Why then, is the programme so successful? Well, it makes good TV. It creates suspense and is a typical example of 'car crash TV,' where a member of the public has their weaknesses exposed live on National television and if you want to look at it from a psychological perspective, it is a perfect demonstration of human greed.

Oh, and it's a daytime TV programme and so more than likely, the lack of any form of skill or intelligence involved in the game is perhaps an indication that Channel Four know their audience well.

Why am I saying this in my Christmas advice section? Well, C4 are cashing in big-time. It's that time of year when you get the various board game, DVD game, PC game, Playstation / Xbox game, handheld game, pen and paper game and so on.

Please, stop fuelling this endless production line of lazy TV.

Friday, November 03, 2006

Rubbish Inventions of the Modern World: Playstation Portable

The chances are, if you are buying Christmas presents for a 10 year old boy, a Sony PSP will be high on the list.




But before you head into Currys and give the 17-year-old counter assistant £150+ of your hard-earned, read on.

As a portable games console, the PSP does a job and certainly rivals the competition but it's not just a games console, meaning that the PSP files perfecty well under 'P' for 'Pointless'. Don't believe me? Here's a run-down of the so-called 'features' that the PSP has to offer:
MP3 Player:
OK, but why carry around a big clunky games console when you have a mobile phone, iPod or other mp3 player that will do exactly the same?
WiFi:
Why? How many 10-year olds know how to set up a wireless network? More to the point, why would a 10-year old want to download mp3's through a wireless network onto a MS Pro Duo card? Your average 10-year old just wants to play Grand Theft Auto, regardless of the fact he's not 18 yet.
Movie Player:
Why again?
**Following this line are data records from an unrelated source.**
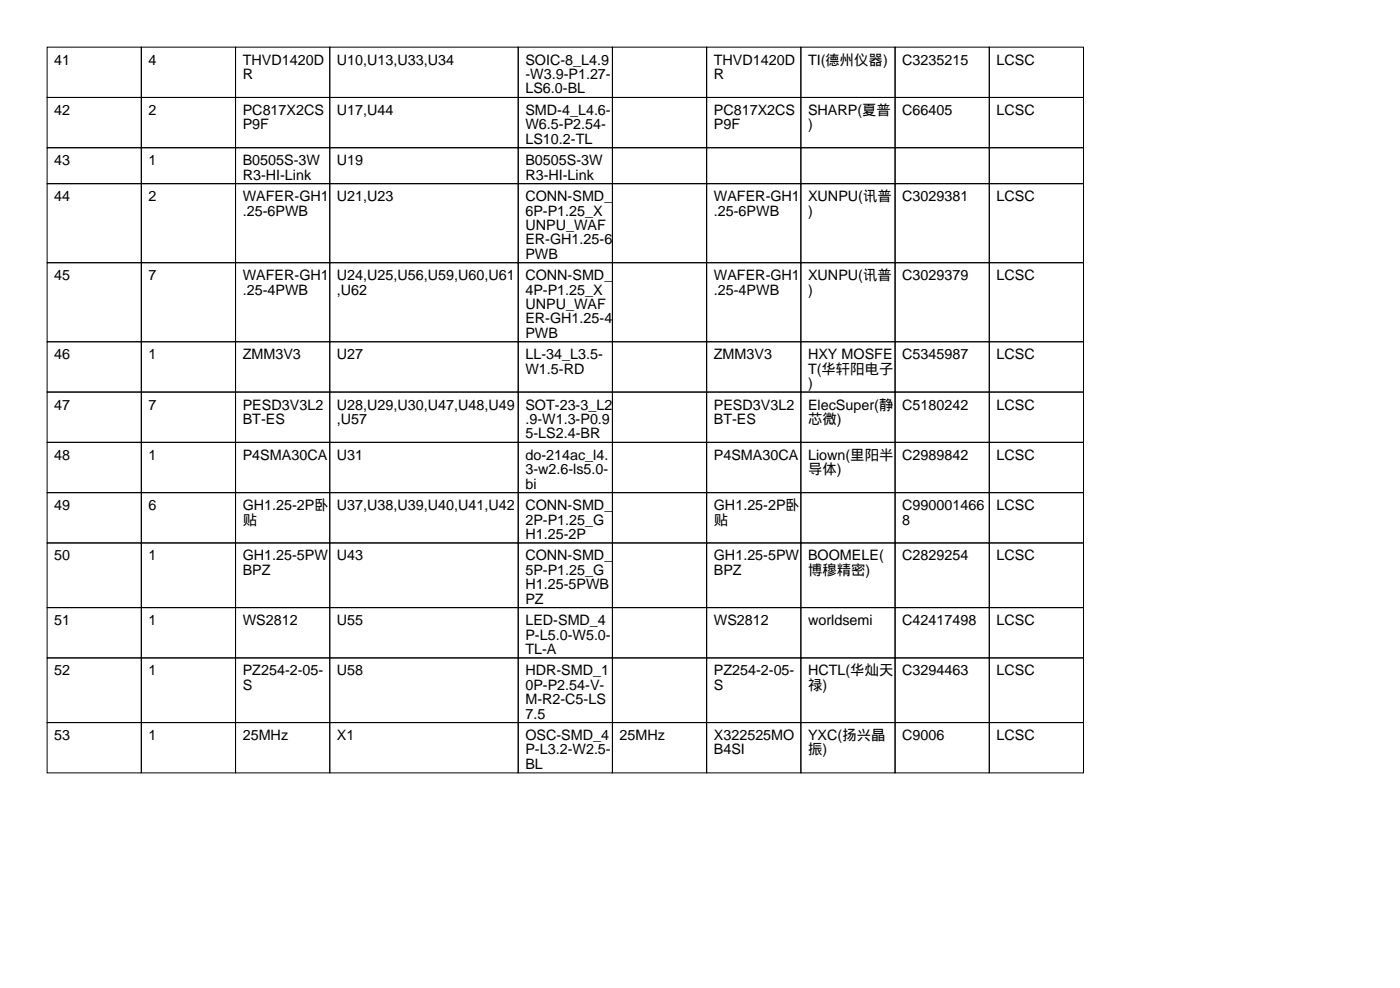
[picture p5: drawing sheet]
<svg xmlns="http://www.w3.org/2000/svg" width="297mm" height="210mm" viewBox="0 0 297 210" stroke-linecap="round" stroke-linejoin="round" font-family="sans-serif">
<defs><g id="words">
<g font-size="3">
<text x="11.5" y="13.7">41</text>
<text x="31.5" y="13.7">4</text>
<text x="51.5" y="13.7">THVD1420D</text>
<text x="51.5" y="16.8">R</text>
<text x="71.5" y="13.7">U10,U13,U33,U34</text>
<text x="111.5" y="13.7">SOIC-8_L4.9</text>
<text x="111.5" y="16.8">-W3.9-P1.27-</text>
<text x="151.5" y="13.7">THVD1420D</text>
<text x="151.5" y="16.8">R</text>
<text x="171.5" y="13.7">TI(德州仪器)</text>
<text x="191.5" y="13.7">C3235215</text>
<text x="211.5" y="13.7">LCSC</text>
<text x="111.5" y="19.8">LS6.0-BL</text>
<text x="11.5" y="24.4">42</text>
<text x="31.5" y="24.4">2</text>
<text x="51.5" y="24.4">PC817X2CS</text>
<text x="51.5" y="27.4">P9F</text>
<text x="71.5" y="24.4">U17,U44</text>
<text x="111.5" y="24.4">SMD-4_L4.6-</text>
<text x="111.5" y="27.4">W6.5-P2.54-</text>
<text x="151.5" y="24.4">PC817X2CS</text>
<text x="151.5" y="27.4">P9F</text>
<text x="171.5" y="24.4">SHARP(夏普</text>
<text x="171.5" y="27.4">)</text>
<text x="191.5" y="24.4">C66405</text>
<text x="211.5" y="24.4">LCSC</text>
<text x="11.5" y="35.1">43</text>
<text x="31.5" y="35.1">1</text>
<text x="51.5" y="35.1">B0505S-3W</text>
<text x="71.5" y="35.1">U19</text>
<text x="111.5" y="30.5">LS10.2-TL</text>
<text x="111.5" y="35.1">B0505S-3W</text>
<text x="51.5" y="38.1">R3-HI-Link</text>
<text x="111.5" y="38.1">R3-HI-Link</text>
<text x="11.5" y="42.7">44</text>
<text x="31.5" y="42.7">2</text>
<text x="51.5" y="42.7">WAFER-GH1</text>
<text x="51.5" y="45.7">.25-6PWB</text>
<text x="71.5" y="42.7">U21,U23</text>
<text x="111.5" y="42.7">CONN-SMD_</text>
<text x="111.5" y="45.7">6P-P1.25_X</text>
<text x="151.5" y="42.7">WAFER-GH1</text>
<text x="151.5" y="45.7">.25-6PWB</text>
<text x="171.5" y="42.7">XUNPU(讯普</text>
<text x="171.5" y="45.7">)</text>
<text x="191.5" y="42.7">C3029381</text>
<text x="211.5" y="42.7">LCSC</text>
<text x="111.5" y="48.8">UNPU_WAF</text>
<text x="111.5" y="51.8">ER-GH1.25-6</text>
<text x="11.5" y="59.4">45</text>
<text x="31.5" y="59.4">7</text>
<text x="51.5" y="59.4">WAFER-GH1</text>
<text x="71.5" y="59.4">U24,U25,U56,U59,U60,U61</text>
<text x="111.5" y="54.9">PWB</text>
<text x="111.5" y="59.4">CONN-SMD_</text>
<text x="151.5" y="59.4">WAFER-GH1</text>
<text x="171.5" y="59.4">XUNPU(讯普</text>
<text x="191.5" y="59.4">C3029379</text>
<text x="211.5" y="59.4">LCSC</text>
<text x="51.5" y="62.5">.25-4PWB</text>
<text x="71.5" y="62.5">,U62</text>
<text x="111.5" y="62.5">4P-P1.25_X</text>
<text x="111.5" y="65.5">UNPU_WAF</text>
<text x="151.5" y="62.5">.25-4PWB</text>
<text x="171.5" y="62.5">)</text>
<text x="111.5" y="68.6">ER-GH1.25-4</text>
<text x="111.5" y="71.6">PWB</text>
<text x="11.5" y="76.2">46</text>
<text x="31.5" y="76.2">1</text>
<text x="51.5" y="76.2">ZMM3V3</text>
<text x="71.5" y="76.2">U27</text>
<text x="111.5" y="76.2">LL-34_L3.5-</text>
<text x="151.5" y="76.2">ZMM3V3</text>
<text x="171.5" y="76.2">HXY MOSFE</text>
<text x="191.5" y="76.2">C5345987</text>
<text x="211.5" y="76.2">LCSC</text>
<text x="111.5" y="79.3">W1.5-RD</text>
<text x="171.5" y="79.3">T(华轩阳电子</text>
<text x="171.5" y="82.3">)</text>
<text x="11.5" y="86.9">47</text>
<text x="31.5" y="86.9">7</text>
<text x="51.5" y="86.9">PESD3V3L2</text>
<text x="51.5" y="89.9">BT-ES</text>
<text x="71.5" y="86.9">U28,U29,U30,U47,U48,U49</text>
<text x="71.5" y="89.9">,U57</text>
<text x="111.5" y="86.9">SOT-23-3_L2</text>
<text x="111.5" y="89.9">.9-W1.3-P0.9</text>
<text x="151.5" y="86.9">PESD3V3L2</text>
<text x="151.5" y="89.9">BT-ES</text>
<text x="171.5" y="86.9">ElecSuper(静</text>
<text x="171.5" y="89.9">芯微)</text>
<text x="191.5" y="86.9">C5180242</text>
<text x="211.5" y="86.9">LCSC</text>
<text x="111.5" y="93">5-LS2.4-BR</text>
<text x="11.5" y="97.5">48</text>
<text x="31.5" y="97.5">1</text>
<text x="51.5" y="97.5">P4SMA30CA</text>
<text x="71.5" y="97.5">U31</text>
<text x="111.5" y="97.5">do-214ac_l4.</text>
<text x="111.5" y="100.6">3-w2.6-ls5.0-</text>
<text x="151.5" y="97.5">P4SMA30CA</text>
<text x="171.5" y="97.5">Liown(里阳半</text>
<text x="171.5" y="100.6">导体)</text>
<text x="191.5" y="97.5">C2989842</text>
<text x="211.5" y="97.5">LCSC</text>
<text x="111.5" y="103.6">bi</text>
<text x="11.5" y="108.2">49</text>
<text x="31.5" y="108.2">6</text>
<text x="51.5" y="108.2">GH1.25-2P卧</text>
<text x="51.5" y="111.3">贴</text>
<text x="71.5" y="108.2">U37,U38,U39,U40,U41,U42</text>
<text x="111.5" y="108.2">CONN-SMD_</text>
<text x="111.5" y="111.3">2P-P1.25_G</text>
<text x="151.5" y="108.2">GH1.25-2P卧</text>
<text x="151.5" y="111.3">贴</text>
<text x="191.5" y="108.2">C990001466</text>
<text x="191.5" y="111.3">8</text>
<text x="211.5" y="108.2">LCSC</text>
<text x="11.5" y="118.9">50</text>
<text x="31.5" y="118.9">1</text>
<text x="51.5" y="118.9">GH1.25-5PW</text>
<text x="71.5" y="118.9">U43</text>
<text x="111.5" y="114.3">H1.25-2P</text>
<text x="111.5" y="118.9">CONN-SMD_</text>
<text x="151.5" y="118.9">GH1.25-5PW</text>
<text x="171.5" y="118.9">BOOMELE(</text>
<text x="191.5" y="118.9">C2829254</text>
<text x="211.5" y="118.9">LCSC</text>
<text x="51.5" y="121.9">BPZ</text>
<text x="111.5" y="121.9">5P-P1.25_G</text>
<text x="111.5" y="125">H1.25-5PWB</text>
<text x="151.5" y="121.9">BPZ</text>
<text x="171.5" y="121.9">博穆精密)</text>
<text x="111.5" y="128">PZ</text>
<text x="11.5" y="132.6">51</text>
<text x="31.5" y="132.6">1</text>
<text x="51.5" y="132.6">WS2812</text>
<text x="71.5" y="132.6">U55</text>
<text x="111.5" y="132.6">LED-SMD_4</text>
<text x="111.5" y="135.6">P-L5.0-W5.0-</text>
<text x="151.5" y="132.6">WS2812</text>
<text x="171.5" y="132.6">worldsemi</text>
<text x="191.5" y="132.6">C42417498</text>
<text x="211.5" y="132.6">LCSC</text>
<text x="11.5" y="143.3">52</text>
<text x="31.5" y="143.3">1</text>
<text x="51.5" y="143.3">PZ254-2-05-</text>
<text x="71.5" y="143.3">U58</text>
<text x="111.5" y="138.7">TL-A</text>
<text x="111.5" y="143.3">HDR-SMD_1</text>
<text x="151.5" y="143.3">PZ254-2-05-</text>
<text x="171.5" y="143.3">HCTL(华灿天</text>
<text x="191.5" y="143.3">C3294463</text>
<text x="211.5" y="143.3">LCSC</text>
<text x="51.5" y="146.3">S</text>
<text x="111.5" y="146.3">0P-P2.54-V-</text>
<text x="111.5" y="149.4">M-R2-C5-LS</text>
<text x="151.5" y="146.3">S</text>
<text x="171.5" y="146.3">禄)</text>
<text x="111.5" y="152.4">7.5</text>
<text x="11.5" y="157">53</text>
<text x="31.5" y="157">1</text>
<text x="51.5" y="157">25MHz</text>
<text x="71.5" y="157">X1</text>
<text x="111.5" y="157">OSC-SMD_4</text>
<text x="111.5" y="160">P-L3.2-W2.5-</text>
<text x="131.5" y="157">25MHz</text>
<text x="151.5" y="157">X322525MO</text>
<text x="151.5" y="160">B4SI</text>
<text x="171.5" y="157">YXC(扬兴晶</text>
<text x="171.5" y="160">振)</text>
<text x="191.5" y="157">C9006</text>
<text x="211.5" y="157">LCSC</text>
<text x="111.5" y="163.1">BL</text>
</g>
</g></defs>
<g fill="none" stroke="#000" stroke-width=".21">
<path d="M10 10h20v10.7h-20zM30 10h20v10.7h-20zM50 10h20v10.7h-20zM70 10h40v10.7h-40zM110 10h20v10.7h-20zM130 10h20v10.7h-20zM150 10h20v10.7h-20zM170 10h20v10.7h-20zM190 10h20v10.7h-20zM210 10h20v10.7h-20zM10 20.7h20v10.6h-20zM10 31.3h20v7.7h-20z"/>
<path d="M10 39h20v16.7h-20zM30 20.7h20v10.6h-20zM30 31.3h20v7.7h-20zM30 39h20v16.7h-20zM50 20.7h20v10.6h-20zM50 31.3h20v7.7h-20zM50 39h20v16.7h-20zM70 20.7h40v10.6h-40zM70 31.3h40v7.7h-40zM70 39h40v16.7h-40zM110 20.7h20v10.6h-20zM110 31.3h20v7.7h-20z"/>
<path d="M110 39h20v16.7h-20zM130 20.7h20v10.6h-20zM130 31.3h20v7.7h-20zM130 39h20v16.7h-20zM150 20.7h20v10.6h-20zM150 31.3h20v7.7h-20zM150 39h20v16.7h-20zM170 20.7h20v10.6h-20zM170 31.3h20v7.7h-20zM170 39h20v16.7h-20zM190 20.7h20v10.6h-20zM190 31.3h20v7.7h-20z"/>
<path d="M190 39h20v16.7h-20zM210 20.7h20v10.6h-20zM210 31.3h20v7.7h-20zM210 39h20v16.7h-20zM10 55.7h20v16.8h-20zM30 55.7h20v16.8h-20zM50 55.7h20v16.8h-20zM70 55.7h40v16.8h-40zM110 55.7h20v16.8h-20zM130 55.7h20v16.8h-20zM150 55.7h20v16.8h-20zM170 55.7h20v16.8h-20z"/>
<path d="M190 55.7h20v16.8h-20zM210 55.7h20v16.8h-20zM10 72.5h20v10.7h-20zM30 72.5h20v10.7h-20zM50 72.5h20v10.7h-20zM70 72.5h40v10.7h-40zM110 72.5h20v10.7h-20zM130 72.5h20v10.7h-20zM150 72.5h20v10.7h-20zM170 72.5h20v10.7h-20zM190 72.5h20v10.7h-20zM210 72.5h20v10.7h-20z"/>
<path d="M10 83.2h20v10.6h-20zM10 93.8h20v10.7h-20zM30 83.2h20v10.6h-20zM30 93.8h20v10.7h-20zM50 83.2h20v10.6h-20zM50 93.8h20v10.7h-20zM70 83.2h40v10.6h-40zM70 93.8h40v10.7h-40zM110 83.2h20v10.6h-20zM110 93.8h20v10.7h-20zM130 83.2h20v10.6h-20zM130 93.8h20v10.7h-20z"/>
<path d="M150 83.2h20v10.6h-20zM150 93.8h20v10.7h-20zM170 83.2h20v10.6h-20zM170 93.8h20v10.7h-20zM190 83.2h20v10.6h-20zM190 93.8h20v10.7h-20zM210 83.2h20v10.6h-20zM210 93.8h20v10.7h-20zM10 104.5h20v10.7h-20zM10 115.2h20v13.7h-20zM30 104.5h20v10.7h-20zM30 115.2h20v13.7h-20z"/>
<path d="M50 104.5h20v10.7h-20zM50 115.2h20v13.7h-20zM70 104.5h40v10.7h-40zM70 115.2h40v13.7h-40zM110 104.5h20v10.7h-20zM110 115.2h20v13.7h-20zM130 104.5h20v10.7h-20zM130 115.2h20v13.7h-20zM150 104.5h20v10.7h-20zM150 115.2h20v13.7h-20zM170 104.5h20v10.7h-20zM170 115.2h20v13.7h-20z"/>
<path d="M190 104.5h20v10.7h-20zM190 115.2h20v13.7h-20zM210 104.5h20v10.7h-20zM210 115.2h20v13.7h-20zM10 128.9h20v10.6h-20zM10 139.5h20v13.8h-20zM30 128.9h20v10.6h-20zM30 139.5h20v13.8h-20zM50 128.9h20v10.6h-20zM50 139.5h20v13.8h-20zM70 128.9h40v10.6h-40zM70 139.5h40v13.8h-40z"/>
<path d="M110 128.9h20v10.6h-20zM110 139.5h20v13.8h-20zM130 128.9h20v10.6h-20zM130 139.5h20v13.8h-20zM150 128.9h20v10.6h-20zM150 139.5h20v13.8h-20zM170 128.9h20v10.6h-20zM170 139.5h20v13.8h-20zM190 128.9h20v10.6h-20zM190 139.5h20v13.8h-20zM210 128.9h20v10.6h-20zM210 139.5h20v13.8h-20z"/>
<path d="M10 153.3h20v10.6h-20zM30 153.3h20v10.6h-20zM50 153.3h20v10.6h-20zM70 153.3h40v10.6h-40zM110 153.3h20v10.6h-20zM130 153.3h20v10.6h-20zM150 153.3h20v10.6h-20zM170 153.3h20v10.6h-20zM190 153.3h20v10.6h-20zM210 153.3h20v10.6h-20z"/>
</g>
<use href="#words"/>
</svg>

Firstly, UMD discs are like hen's teeth to find and they are a darn'd sight more expensive than your standard DVD's.
Even why you can find one you can afford, the chances are that the battery will cut out half-way through the film.
A wrist strap:
The day you start listing a 'wrist strap' as a feature is the day you know you've made a product that can't live up to the hype.

There you have it, yet more consumer advice for the unaware Christmas shopper.

Wednesday, November 01, 2006

By The Way......

I don't know why my blog keeps going offline, it just does, OK?

This is what happens when you use beta programmes!